Os proprietários das acções e obrigações
não são obrigados a vendê-las, no entanto se quiserem
vender, a Sonae seria obrigado a comprá-las pelo preço que
ofereceu. E uma das condições impostas pela Sonae, que consta do
seu anuncio preliminar, é que essa obrigação de compra
só existirá, se existirem detentores de acções
interessados em vender que permitam à Sonae obter 50,01% do capital da
PT. Se esta condição não se verificar, a Sonae não
é obrigada a comprar e, consequentemente, a OPA morre.

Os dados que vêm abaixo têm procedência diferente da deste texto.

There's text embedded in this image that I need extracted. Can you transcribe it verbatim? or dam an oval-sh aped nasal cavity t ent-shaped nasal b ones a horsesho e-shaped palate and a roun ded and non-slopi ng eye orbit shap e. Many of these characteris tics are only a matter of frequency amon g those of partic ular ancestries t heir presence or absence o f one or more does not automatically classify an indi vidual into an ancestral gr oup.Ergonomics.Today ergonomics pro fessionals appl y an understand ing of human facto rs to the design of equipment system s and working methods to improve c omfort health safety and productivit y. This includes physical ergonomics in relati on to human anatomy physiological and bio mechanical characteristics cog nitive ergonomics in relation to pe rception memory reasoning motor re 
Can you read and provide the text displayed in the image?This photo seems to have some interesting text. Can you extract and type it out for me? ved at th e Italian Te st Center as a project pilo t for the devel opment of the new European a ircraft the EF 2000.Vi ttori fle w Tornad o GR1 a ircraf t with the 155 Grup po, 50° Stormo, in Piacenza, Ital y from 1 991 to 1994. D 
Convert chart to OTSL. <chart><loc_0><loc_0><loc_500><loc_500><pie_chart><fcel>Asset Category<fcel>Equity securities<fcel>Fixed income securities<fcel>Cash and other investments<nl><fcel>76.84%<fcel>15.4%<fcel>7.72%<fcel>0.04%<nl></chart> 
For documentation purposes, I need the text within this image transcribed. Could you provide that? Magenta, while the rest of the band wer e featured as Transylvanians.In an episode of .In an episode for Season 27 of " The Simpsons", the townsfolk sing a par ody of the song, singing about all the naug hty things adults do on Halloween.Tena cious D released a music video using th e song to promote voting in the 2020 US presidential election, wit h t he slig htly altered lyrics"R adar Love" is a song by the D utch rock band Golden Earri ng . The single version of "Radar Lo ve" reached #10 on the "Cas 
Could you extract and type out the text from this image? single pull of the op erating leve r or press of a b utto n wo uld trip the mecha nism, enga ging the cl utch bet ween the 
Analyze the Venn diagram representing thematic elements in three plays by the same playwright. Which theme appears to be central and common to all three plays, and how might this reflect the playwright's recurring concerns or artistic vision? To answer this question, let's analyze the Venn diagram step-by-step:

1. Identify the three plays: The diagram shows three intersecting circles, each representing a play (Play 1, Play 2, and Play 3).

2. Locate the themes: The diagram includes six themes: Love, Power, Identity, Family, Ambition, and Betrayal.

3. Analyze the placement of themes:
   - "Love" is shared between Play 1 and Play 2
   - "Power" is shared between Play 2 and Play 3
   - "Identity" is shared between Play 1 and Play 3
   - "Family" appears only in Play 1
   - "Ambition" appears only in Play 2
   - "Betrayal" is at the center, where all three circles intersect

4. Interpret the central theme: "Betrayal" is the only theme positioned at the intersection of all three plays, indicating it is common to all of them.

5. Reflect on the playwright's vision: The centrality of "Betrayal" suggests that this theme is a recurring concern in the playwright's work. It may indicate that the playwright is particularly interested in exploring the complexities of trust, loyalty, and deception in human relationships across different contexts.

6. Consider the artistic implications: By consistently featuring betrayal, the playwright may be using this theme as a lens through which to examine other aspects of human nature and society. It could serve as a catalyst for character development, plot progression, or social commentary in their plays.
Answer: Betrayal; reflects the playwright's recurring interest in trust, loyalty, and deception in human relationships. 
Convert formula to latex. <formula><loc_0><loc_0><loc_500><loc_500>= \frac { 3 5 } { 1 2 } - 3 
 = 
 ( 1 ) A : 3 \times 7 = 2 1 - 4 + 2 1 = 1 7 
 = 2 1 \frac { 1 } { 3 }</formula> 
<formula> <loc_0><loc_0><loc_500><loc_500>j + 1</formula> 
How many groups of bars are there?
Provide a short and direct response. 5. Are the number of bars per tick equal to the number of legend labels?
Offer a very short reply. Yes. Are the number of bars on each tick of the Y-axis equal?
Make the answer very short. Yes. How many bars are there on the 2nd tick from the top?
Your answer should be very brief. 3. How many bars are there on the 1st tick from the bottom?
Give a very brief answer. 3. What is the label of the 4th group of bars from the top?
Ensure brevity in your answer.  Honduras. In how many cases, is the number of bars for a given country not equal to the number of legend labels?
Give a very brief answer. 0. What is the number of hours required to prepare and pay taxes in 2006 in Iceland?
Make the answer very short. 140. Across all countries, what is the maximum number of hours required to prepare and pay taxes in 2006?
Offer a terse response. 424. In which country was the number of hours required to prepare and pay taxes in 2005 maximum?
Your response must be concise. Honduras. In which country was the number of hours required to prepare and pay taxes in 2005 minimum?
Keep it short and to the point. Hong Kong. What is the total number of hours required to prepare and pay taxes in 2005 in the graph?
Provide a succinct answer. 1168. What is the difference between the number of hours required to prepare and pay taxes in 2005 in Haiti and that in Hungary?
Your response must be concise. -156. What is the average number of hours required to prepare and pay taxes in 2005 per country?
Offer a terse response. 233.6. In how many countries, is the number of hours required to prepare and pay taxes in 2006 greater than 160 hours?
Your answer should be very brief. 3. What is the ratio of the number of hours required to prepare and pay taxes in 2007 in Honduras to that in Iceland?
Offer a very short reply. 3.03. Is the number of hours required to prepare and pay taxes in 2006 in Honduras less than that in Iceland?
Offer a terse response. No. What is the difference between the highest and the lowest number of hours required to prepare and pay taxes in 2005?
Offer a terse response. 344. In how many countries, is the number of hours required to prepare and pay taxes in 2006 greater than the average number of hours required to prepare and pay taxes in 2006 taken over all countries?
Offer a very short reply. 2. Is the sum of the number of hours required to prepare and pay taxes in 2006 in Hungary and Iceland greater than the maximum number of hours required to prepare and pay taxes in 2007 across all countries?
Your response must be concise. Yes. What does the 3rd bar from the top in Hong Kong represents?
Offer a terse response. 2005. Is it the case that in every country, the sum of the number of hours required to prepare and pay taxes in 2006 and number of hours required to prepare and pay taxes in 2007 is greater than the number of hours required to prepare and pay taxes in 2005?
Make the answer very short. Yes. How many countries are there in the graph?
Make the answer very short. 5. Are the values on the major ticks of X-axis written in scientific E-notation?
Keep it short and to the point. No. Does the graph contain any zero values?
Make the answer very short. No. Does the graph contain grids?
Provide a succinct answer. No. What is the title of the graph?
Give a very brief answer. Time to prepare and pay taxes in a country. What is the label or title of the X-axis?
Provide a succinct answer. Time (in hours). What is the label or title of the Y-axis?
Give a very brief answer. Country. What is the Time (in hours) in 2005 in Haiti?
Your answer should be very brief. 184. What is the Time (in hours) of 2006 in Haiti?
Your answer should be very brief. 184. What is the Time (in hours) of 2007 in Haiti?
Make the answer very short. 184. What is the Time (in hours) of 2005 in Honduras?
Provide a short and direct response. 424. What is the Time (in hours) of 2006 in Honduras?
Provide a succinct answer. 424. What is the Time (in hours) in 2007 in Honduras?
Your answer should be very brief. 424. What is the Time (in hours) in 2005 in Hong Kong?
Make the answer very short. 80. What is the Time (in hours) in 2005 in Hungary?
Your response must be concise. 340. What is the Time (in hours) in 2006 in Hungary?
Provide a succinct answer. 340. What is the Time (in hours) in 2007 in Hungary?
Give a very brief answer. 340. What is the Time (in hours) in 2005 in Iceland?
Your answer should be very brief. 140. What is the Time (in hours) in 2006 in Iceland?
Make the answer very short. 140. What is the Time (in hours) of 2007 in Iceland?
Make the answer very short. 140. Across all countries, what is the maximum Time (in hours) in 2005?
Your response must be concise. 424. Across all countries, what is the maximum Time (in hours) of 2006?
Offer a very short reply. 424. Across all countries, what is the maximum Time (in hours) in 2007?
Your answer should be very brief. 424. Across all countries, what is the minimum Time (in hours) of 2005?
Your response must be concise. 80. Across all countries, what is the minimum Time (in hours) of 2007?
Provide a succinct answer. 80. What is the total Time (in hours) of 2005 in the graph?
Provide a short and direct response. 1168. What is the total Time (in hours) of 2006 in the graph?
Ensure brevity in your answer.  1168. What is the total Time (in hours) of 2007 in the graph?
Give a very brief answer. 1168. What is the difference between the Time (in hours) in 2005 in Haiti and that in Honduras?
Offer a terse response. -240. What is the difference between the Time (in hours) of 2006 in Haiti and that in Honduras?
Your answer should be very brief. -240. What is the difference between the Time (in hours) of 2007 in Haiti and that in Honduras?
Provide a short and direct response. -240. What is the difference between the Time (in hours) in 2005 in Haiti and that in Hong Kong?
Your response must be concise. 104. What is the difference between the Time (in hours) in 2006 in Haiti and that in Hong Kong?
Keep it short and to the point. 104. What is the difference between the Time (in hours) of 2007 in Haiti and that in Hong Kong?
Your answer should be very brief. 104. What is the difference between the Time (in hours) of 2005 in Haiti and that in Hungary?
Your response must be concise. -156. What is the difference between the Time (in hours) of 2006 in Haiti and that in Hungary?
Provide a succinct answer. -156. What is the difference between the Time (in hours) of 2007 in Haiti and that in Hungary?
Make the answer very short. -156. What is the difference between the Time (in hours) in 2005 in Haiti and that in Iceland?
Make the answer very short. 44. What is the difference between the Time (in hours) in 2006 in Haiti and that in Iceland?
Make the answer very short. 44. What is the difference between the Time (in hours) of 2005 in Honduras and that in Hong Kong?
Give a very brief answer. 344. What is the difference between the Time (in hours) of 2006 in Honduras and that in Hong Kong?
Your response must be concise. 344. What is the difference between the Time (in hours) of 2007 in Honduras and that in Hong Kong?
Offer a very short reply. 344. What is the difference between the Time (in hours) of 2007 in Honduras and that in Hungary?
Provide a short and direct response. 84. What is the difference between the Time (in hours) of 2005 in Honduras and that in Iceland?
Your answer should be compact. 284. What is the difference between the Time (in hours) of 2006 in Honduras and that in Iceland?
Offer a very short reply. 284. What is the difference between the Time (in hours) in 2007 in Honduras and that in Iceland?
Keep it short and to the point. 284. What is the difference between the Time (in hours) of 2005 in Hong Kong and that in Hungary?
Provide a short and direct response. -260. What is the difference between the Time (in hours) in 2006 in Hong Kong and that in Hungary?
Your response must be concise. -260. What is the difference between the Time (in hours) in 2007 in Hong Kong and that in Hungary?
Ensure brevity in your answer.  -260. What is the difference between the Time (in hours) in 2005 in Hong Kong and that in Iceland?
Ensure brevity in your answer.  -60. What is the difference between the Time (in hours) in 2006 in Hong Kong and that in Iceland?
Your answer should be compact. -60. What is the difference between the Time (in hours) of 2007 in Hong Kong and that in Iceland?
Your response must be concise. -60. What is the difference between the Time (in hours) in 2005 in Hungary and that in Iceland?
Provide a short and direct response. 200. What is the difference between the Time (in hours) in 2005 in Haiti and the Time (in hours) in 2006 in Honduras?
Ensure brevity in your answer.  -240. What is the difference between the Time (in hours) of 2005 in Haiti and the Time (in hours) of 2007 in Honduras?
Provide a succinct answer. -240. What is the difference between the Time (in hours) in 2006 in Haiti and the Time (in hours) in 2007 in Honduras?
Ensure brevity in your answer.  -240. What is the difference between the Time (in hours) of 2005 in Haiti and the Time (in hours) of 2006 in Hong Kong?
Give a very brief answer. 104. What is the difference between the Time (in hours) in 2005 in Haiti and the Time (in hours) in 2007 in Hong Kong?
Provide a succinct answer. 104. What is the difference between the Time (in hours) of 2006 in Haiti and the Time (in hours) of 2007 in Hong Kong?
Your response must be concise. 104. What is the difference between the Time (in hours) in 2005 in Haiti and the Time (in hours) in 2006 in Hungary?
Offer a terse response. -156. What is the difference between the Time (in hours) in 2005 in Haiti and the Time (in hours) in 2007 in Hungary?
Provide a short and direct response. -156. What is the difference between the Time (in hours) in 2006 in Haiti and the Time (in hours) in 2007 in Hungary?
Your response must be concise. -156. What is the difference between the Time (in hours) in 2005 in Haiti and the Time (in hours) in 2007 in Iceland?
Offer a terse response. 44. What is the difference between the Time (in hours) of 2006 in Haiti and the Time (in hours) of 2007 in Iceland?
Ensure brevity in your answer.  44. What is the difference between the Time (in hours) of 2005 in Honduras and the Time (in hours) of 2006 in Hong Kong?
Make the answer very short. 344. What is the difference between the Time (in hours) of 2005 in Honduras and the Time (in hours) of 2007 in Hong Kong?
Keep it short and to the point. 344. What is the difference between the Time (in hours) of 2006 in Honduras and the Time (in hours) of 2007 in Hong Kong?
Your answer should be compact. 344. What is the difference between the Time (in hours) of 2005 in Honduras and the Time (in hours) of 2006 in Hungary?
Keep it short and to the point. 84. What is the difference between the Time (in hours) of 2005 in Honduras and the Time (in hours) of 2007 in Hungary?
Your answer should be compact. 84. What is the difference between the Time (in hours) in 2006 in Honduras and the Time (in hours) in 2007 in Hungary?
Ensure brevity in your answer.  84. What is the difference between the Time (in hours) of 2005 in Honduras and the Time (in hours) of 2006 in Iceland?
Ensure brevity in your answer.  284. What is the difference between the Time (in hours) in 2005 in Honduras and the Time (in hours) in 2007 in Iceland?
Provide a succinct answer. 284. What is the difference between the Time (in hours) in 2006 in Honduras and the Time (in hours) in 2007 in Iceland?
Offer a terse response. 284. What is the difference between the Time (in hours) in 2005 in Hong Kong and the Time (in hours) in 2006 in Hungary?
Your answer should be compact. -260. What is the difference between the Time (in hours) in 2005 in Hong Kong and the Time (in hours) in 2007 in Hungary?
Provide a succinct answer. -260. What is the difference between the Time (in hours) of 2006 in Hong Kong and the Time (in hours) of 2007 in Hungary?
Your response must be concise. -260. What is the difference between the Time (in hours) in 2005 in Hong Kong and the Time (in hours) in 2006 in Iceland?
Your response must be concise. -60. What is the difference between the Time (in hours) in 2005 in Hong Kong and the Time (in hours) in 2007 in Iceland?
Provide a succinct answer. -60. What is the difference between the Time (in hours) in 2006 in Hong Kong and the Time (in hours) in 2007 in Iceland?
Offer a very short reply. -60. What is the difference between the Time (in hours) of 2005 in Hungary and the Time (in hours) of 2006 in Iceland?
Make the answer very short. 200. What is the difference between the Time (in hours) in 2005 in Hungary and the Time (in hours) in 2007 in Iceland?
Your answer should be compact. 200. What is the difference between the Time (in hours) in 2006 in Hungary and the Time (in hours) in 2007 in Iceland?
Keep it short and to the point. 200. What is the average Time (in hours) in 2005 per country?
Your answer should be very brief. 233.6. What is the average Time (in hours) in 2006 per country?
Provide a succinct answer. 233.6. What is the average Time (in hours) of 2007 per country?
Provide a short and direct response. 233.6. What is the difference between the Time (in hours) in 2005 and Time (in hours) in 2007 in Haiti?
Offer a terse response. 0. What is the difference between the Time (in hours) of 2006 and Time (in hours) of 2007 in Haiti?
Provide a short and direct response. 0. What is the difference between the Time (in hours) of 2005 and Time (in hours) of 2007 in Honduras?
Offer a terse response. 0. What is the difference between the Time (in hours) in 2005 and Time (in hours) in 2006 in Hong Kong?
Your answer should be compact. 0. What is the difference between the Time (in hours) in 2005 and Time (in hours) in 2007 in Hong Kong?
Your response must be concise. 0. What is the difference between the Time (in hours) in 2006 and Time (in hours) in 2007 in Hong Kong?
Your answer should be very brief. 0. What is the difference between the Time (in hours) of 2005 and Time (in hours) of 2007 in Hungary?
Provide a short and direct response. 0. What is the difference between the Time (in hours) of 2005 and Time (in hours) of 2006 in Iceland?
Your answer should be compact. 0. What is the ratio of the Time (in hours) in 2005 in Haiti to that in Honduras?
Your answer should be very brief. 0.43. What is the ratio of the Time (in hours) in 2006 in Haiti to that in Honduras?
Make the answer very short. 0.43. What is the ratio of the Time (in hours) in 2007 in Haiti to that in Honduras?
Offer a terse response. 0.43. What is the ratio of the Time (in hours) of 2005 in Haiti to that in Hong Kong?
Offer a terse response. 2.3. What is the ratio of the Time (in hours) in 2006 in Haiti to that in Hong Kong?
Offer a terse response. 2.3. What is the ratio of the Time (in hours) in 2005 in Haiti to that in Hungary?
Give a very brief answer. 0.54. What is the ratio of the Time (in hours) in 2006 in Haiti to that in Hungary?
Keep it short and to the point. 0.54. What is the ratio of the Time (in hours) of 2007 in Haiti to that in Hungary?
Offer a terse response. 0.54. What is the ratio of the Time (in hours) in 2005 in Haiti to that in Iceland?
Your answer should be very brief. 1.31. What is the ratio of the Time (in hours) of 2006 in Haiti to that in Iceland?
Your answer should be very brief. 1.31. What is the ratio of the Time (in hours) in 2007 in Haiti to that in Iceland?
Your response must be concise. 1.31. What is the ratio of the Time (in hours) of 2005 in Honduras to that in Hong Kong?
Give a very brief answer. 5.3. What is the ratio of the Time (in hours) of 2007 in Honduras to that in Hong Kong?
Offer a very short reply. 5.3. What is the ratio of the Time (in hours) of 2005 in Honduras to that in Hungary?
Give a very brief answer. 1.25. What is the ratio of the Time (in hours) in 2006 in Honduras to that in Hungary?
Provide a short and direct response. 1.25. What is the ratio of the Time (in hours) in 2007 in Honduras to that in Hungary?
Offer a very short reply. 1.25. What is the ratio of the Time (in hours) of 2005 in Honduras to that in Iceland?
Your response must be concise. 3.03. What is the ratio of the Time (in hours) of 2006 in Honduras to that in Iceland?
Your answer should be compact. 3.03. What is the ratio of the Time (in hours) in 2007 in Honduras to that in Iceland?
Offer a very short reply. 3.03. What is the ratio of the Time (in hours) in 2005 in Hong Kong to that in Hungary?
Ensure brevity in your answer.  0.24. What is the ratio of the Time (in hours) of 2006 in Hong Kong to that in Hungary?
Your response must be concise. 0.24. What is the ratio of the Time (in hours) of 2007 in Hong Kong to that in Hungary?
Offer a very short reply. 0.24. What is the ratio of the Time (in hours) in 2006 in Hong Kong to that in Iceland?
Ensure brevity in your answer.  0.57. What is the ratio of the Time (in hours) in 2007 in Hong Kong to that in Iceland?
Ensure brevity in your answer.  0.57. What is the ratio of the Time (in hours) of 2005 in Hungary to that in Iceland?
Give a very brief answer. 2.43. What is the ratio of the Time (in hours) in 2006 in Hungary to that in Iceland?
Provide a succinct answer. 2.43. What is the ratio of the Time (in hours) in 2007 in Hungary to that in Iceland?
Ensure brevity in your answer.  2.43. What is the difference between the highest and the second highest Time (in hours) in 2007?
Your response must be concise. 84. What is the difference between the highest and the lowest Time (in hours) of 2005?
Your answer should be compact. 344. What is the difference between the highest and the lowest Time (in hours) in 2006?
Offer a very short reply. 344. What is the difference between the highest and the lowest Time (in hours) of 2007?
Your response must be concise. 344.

Apesar dos detentores das acções e obrigações
não serem obrigados a vender, no entanto existe no anuncio da Sonae uma
ameaça com o objectivo de criar a insegurança e
forçá-los à vender. E essa ameaça consta do ponto
13 do anúncio da Sonae: no caso de obter mais de 90% das
acções, a Sonae "admite recorrer ao mecanismo de
aquisição potestativa previsto no artº 194 do Código
dos Valores Mobiliários"? E o que significa isto? A Sonae pode
obrigar aqueles que não querem vender a vender à força, e
por um preço que pode até ser inferior a 9,5 euros por
acção. E isto porque, de acordo com o manual de "Respostas
às perguntas frequentes dos investidores da Comissão do Mercado
de Valores Mobiliários (CMVM), em relação às
acções remanescentes, ou seja, aquelas que a Sonae não
comprar durante a OPA, "uma vez efectuada a escritura pública e o
registo da aquisição potestativa, a totalidade dessas
acções passam a estar inscritas na conta do adquirente (neste
caso a Sonae), deixando, por conseguinte, de estar inscritas na conta dos
anteriores titulares", sendo "o valor do preço depositado
à ordem de cada titular das acções adquiridas". E o
preço já não é o da OPA. Segundo o artº 188 do
Código dos Valores Mobiliários é o maior preço
registado "nos seis meses anteriores à data de
publicação do anuncio da OPA", ou "o preço
médio ponderado apurado durante o mesmo período"; portanto,
em qualquer caso, um preço inferior a 9,5 euros por acção
da OPA.
UMA PRIVATIZAÇÃO SEM TER EM CONTA OS INTERESSES DO PAÍS E
UMA EMPRESA TOTALMENTE SUBORDINADA AOS GRANDES GRUPOS ECONÓMICOS
Uma privatização que não teve em conta os objectivos
estratégicos do desenvolvimento do País está a determinar
o aparecimento crescente de situações, que atingem níveis
de escândalo, em empresas estratégicas e fundamentais para o
desenvolvimento e independência do País.
Em primeiro lugar, foi o caso da GALP, onde já instalada a ENI
(italiana), com uma posição quase dominante. Seguiu-se depois o
caso da EDP, onde a concorrente IBERDROLA, uma das grandes empresas espanholas
do sector da energia, já se encontra instalada no coração
da EDP, por acção de Pina Moura, ministro das
privatizações do governo de Guterres, que consegue actualmente
incompreensivelmente associar a defesa dos interesses desta multinacional
espanhola à de deputado do PS de Sócrates.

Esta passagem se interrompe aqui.